Unfortunately, that’s too rare a commodity. A lot of people in our industry haven’t had very diverse experiences. They don’t have enough dots to connect, and they en up with very linear solutions, without a broad perspective on the problem. The broader one’s understanding of the human experience, the better designs we will have.”

This isn’t just really good, it’s really, really good. That’s 2x the really. Really. It’s so good because while it’s specifically about design it actually applies so much more, and actually goes a long why in helping me describe what it is that I do – even though that answer might still be confusing to some people.

Steve is talking about design, and likely product design at that, but I think the essence of this is the need for lots of points of reference and lots of dots to connect. And the need fully digest something to be able to isolate those points worth connecting. Think about your favorite movie, how many times have you seen it? I’ve talked to people before who when mentioning a movie say something like “oh that is one of my absolute favorite movies ever! I’ve probably seen it 5 or 6 times!!!” This doesn’t make any sense to me because movies that I simply enjoy a lot I’ve seen over 10 times, and movies I really love easily over 100. I couldn’t even tell you how many times I’ve watched The Big Lebowski for instance, but it’s enough that I know almost every line by heart and have stared at each scene and studied how they were put together for hours. This is the difference between just watching something and really getting it. Of course Steve isn’t talking about watching movies, and neither am I really, it’s just a simple example of how really getting into something means different things to different people.

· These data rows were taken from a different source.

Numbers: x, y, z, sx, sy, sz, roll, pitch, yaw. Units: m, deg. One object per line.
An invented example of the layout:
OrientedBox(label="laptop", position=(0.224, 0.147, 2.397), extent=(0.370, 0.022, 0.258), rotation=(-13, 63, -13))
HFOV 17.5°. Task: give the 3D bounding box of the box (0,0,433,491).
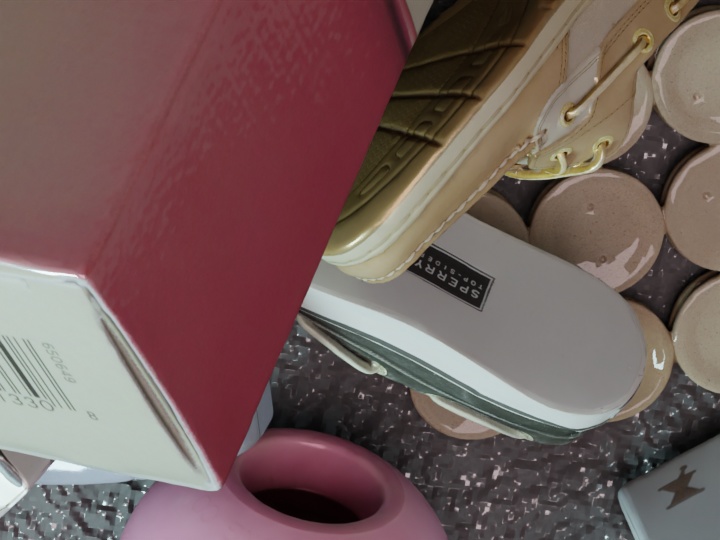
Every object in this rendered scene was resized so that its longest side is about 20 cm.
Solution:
OrientedBox(label="box", position=(-0.072, -0.057, 0.657), extent=(0.128, 0.200, 0.109), rotation=(8, 149, 24))

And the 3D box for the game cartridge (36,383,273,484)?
OrientedBox(label="game cartridge", position=(-0.129, 0.006, 0.781), extent=(0.200, 0.042, 0.133), rotation=(4, 113, 21))

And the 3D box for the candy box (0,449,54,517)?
OrientedBox(label="candy box", position=(-0.207, 0.025, 0.758), extent=(0.200, 0.072, 0.168), rotation=(46, 122, -6))

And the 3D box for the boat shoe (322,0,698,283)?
OrientedBox(label="boat shoe", position=(0.062, -0.064, 0.773), extent=(0.200, 0.074, 0.069), rotation=(-50, 118, -16))

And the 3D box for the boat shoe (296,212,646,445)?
OrientedBox(label="boat shoe", position=(0.000, 0.000, 0.803), extent=(0.200, 0.064, 0.071), rotation=(33, 62, -3))

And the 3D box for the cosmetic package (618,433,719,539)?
OrientedBox(label="cosmetic package", position=(0.221, 0.150, 0.839), extent=(0.167, 0.166, 0.200), rotation=(-29, 114, 6))

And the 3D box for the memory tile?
OrientedBox(label="memory tile", position=(0.109, -0.020, 0.852), extent=(0.200, 0.017, 0.153), rotation=(-10, 111, -3))

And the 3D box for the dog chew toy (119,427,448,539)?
OrientedBox(label="dog chew toy", position=(-0.037, 0.159, 0.852), extent=(0.124, 0.125, 0.200), rotation=(8, 117, -9))

It’s no secret that I’m a very obsessive person who has to regularly fight the compulsion to collect things. I’ve been this way my whole life even if I only realized it in the last 5 years. I find something interesting and for some chunk of time that becomes my entire world. I fall asleep and wake up thinking about it. I dream about it and day dream about it. I endlessly research it and try to find the people who know the most about it and try to soak up as much of that information as possible. I immerse myself in that world until I feel like I get it. Sometime I get it in a few weeks, sometimes it takes years. And once I do feel like I’ve really “groked” something, I rarely leave it behind, even if it doesn’t continue to be my all encompassing daily routine. In fact, often it continues to expand – usually because of bits and pieces I fine in later obsessions.

In many cases my obsessions take up so much of my time that I end up needing to find a way to justify the time I’m spending on them and end up turning them into businesses. If you look at my history this becomes pretty obvious. My record label spawned from an obsession with punk rock in general and subcultures like youth crew straight edge hardcore movement specifically. My record distribution company spawned from an obsession with how those subcultures grow and manifest themselves. My design firm spawned from obsessions with advertising in general and the emotional responses imagery can provoke in people specifically. While I never actually started a real business from it, it was my obsession with old Japanese toys in general and Jumbo Machinders and Sofubi Kaiju specifically that drove me to the web and got me creating things there. Before these toys and the community I found around them online I mostly used the internet for one off communication and minor games, the toys gave me a reason to write articles, do research, take phones and try to actually build something. (My first “blog post” predates blogs considerably, and was a guest article in the mod 90’s on Alen Yen’s Toybox about an 18″ knock off Getter Robo figure I’d won on ebay.) Continued obsession with arts, and my growing connections to visual artists as the creative director led to my involvement in the art gallery world, and continued obsession with web communities and relationships led to the launch of blogging.la.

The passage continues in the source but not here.